Оба они строят новую столицу. Названа она будет в честь царского святого Санктпитербургом, и царь будет в ней править, а мужик — лежать на погосте; кресты его видны на горизонте. Да и гробы впрок изготовлены, вот они — по другую сторону дороги. И около одного из них… Ну конечно, кто-то чем-то покрыт, только ноги в лаптях видны. Нет, это не пьяный, очень уж ровно и чинно лежит он на спине.

Да, суровый царь, ужасный век.

Образ Петра был раздвоен в сознании Серова, как был раздвоен он некогда в сознании Пушкина. Отношение Серова к Петру действительно сродни отношению к Петру Пушкина, но не того, который писал «Полтаву», а потом панегирик Петербургу, а Пушкина, который после бесед с Мицкевичем хотя и сохранил вступление к «Медному всаднику», но и написал страшный обвинительный акт против бесчеловечности Петра.

Отношение Серова к Петру складывалось под впечатлением лекций Ключевского, и он не мог не прийти к тем же взглядам, что и Пушкин. Действительно, стоит сравнить образ Петра, созданный Пушкиным, с тем, что говорил о Петре Ключевский и под его влиянием — образно — Серов и что он выразил в своих картинах, чтобы прийти к мысли об этой родственности. Серов знал, что Петр — «страшный царь», но то ли инерция традиции, то ли условия заказа не позволили ему до конца воплотить это в «Петре I на постройке Петербурга», создать цельный образ, живший в его сознании. Лишь спустя четыре года в «Петре I на работах» мысль пришла в соответствие с образом. Петр-зверь и Петр-строитель органически слились в одном лице. В одной и той же картине этот вечно спешащий куда-то человек и его свирепое лицо, палка, которая помогает ему ходить и которой он грозит забитому мужичонке, и кресты, кресты… Кресты, выросшие на этом пустыре по вине «того, чьей волей роковой над морем город основался».

Серов, как и Пушкин, приходит к мысли, мысли гуманиста, что счастье каждого человека это и есть высшая цель, это есть действительное благополучие всего общества, всей страны. Это та же мысль, которую предельно точно выразил другой великий гуманист — Гёте:

Народ свободный на земле свободнойУвидеть я б хотел…(Пер.
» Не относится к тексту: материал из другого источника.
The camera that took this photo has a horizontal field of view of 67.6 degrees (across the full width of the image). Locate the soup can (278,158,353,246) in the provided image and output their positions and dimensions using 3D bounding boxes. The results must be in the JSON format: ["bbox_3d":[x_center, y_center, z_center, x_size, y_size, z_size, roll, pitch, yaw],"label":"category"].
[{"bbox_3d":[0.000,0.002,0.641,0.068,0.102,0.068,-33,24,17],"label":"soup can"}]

Б. Пастернака)

Действительно, какое дело пушкинскому Евгению, потерявшему невесту, потерявшему все, что было ему дорого в жизни, до того, что его окружают великолепные дворцы, ему не принадлежащие, что он наблюдает ужасное наводнение, сидя верхом на льве, сделанном из драгоценного каррарского мрамора…

Какое дело тем несчастным, согнанным за тысячи верст мужикам, над которыми сейчас вот эти кресты, и тем, над которыми они будут завтра, что ценой их жизней, их страданий, их рабьего труда покупается будущее величие империи; им и невдомек, что они прорубают окно в Европу, что «сюда по новым им волнам все флаги в гости будут к нам». Ничто уже не принесет благополучия вдовам их и сиротам, оставшимся без кормильцев.

Такая мысль преследовала Серова и раньше, когда он писал «Петра I на постройке Петербурга». «В то время, — рассказывает Грабарь, — спереди качалась на воде еще одна барка, на которой стояли в рваных рубашках голодные мужики, согнанные сюда за тысячи верст. Эти огромные первопланные фигуры несказанно портили картину, внося в нее ненужный анекдот, такую же неприятную иллюстрационную ноту, как та, которая испортила серовскую „Елисавету“. Я умолял его отказаться от этой дешевящей подробности, превращающей фреску в картинку, но я знал, что он в этих случаях выказывал чудовищное упрямство, даже если ясно видел, что неправ. Через несколько дней он просил меня зайти „поглядеть“: картина была уже в том виде, в каком осталась до сего времени».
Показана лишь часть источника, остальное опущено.